7. The method according to claim 1, characterized in that, The flexible damping control parameters in step S8 include at least one or more of the following: driving torque parameters, buffer duration parameters, and baffle action level parameters; the visual control mapping function generates a corresponding flexible damping control parameter matrix based on the brittleness level parameters and the mass coefficient, which is used to control the action state of the end diversion buffer baffle so that the end diversion buffer baffle can adaptively intercept and divert the delivered material.
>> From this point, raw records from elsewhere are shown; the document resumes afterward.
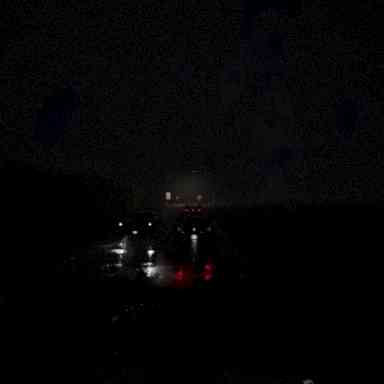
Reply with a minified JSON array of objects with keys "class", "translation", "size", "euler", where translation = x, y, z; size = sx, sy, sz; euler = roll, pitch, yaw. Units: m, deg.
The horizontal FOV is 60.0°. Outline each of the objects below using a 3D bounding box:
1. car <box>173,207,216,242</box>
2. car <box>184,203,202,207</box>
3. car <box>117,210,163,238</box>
[{"class":"car","translation":[0.100,1.659,16.634],"size":[1.895,1.301,4.718],"euler":[0,0,0]},{"class":"car","translation":[0.101,1.803,34.280],"size":[1.895,1.301,4.718],"euler":[0,0,0]},{"class":"car","translation":[-2.764,1.672,18.430],"size":[1.895,1.301,4.718],"euler":[0,0,0]}]
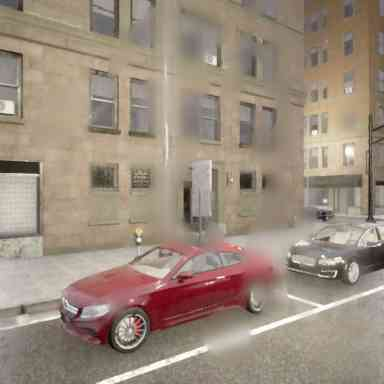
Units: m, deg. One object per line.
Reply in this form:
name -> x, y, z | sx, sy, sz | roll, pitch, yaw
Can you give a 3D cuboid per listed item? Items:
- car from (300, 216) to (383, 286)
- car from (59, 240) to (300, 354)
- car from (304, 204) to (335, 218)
car -> 4.462, 1.549, 9.343 | 4.403, 1.369, 2.008 | 0, 0, -35
car -> -0.172, 1.581, 6.055 | 4.206, 1.307, 1.802 | 0, 0, -35
car -> 8.246, 1.512, 25.155 | 1.895, 1.301, 4.718 | 0, 0, -35
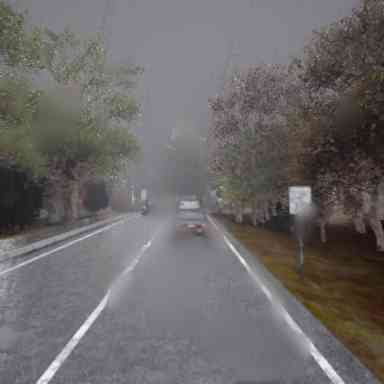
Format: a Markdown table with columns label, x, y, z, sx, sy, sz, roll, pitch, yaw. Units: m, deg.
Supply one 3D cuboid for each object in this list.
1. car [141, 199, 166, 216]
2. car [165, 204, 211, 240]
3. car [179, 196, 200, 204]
| label | x | y | z | sx | sy | sz | roll | pitch | yaw |
| --- | --- | --- | --- | --- | --- | --- | --- | --- | --- |
| car | -3.877 | 1.549 | 34.060 | 2.097 | 1.767 | 4.553 | 0 | -2 | 0 |
| car | -0.046 | 1.575 | 17.063 | 2.033 | 1.411 | 5.357 | 0 | 0 | -1 |
| car | -0.231 | 1.534 | 37.634 | 2.150 | 2.045 | 5.566 | 0 | -2 | 0 |

8. A waste identification and flexible damping control system for implementing the method according to any one of claims 1 to 7, characterized in that, include: A high-speed camera acquisition module is used to capture a short video stream containing the impact process when the delivered object comes into contact with the impact barrier; The image preprocessing module is used to perform background subtraction, connected component analysis, and local region of interest extraction on the short video stream; The visual feature extraction module is used to extract the visual elasticity features, optical discrimination features, and edge texture features of the delivered object. The feature fusion and recognition module is used to construct multimodal visual feature representations and use pre-trained recognition models to complete deep feature extraction, dimensionality reduction and / or noise reduction, as well as matching and recognition with a preset fragile waste visual atlas dictionary; The control parameter generation module is used to generate flexible damping control parameters based on the identified waste category label, brittleness level parameter, and mass coefficient. The control output module is used to output the flexible damping control parameters to the bottom controller of the garbage bin, so as to control the end diversion buffer baffle to adaptively intercept and divert the delivered materials.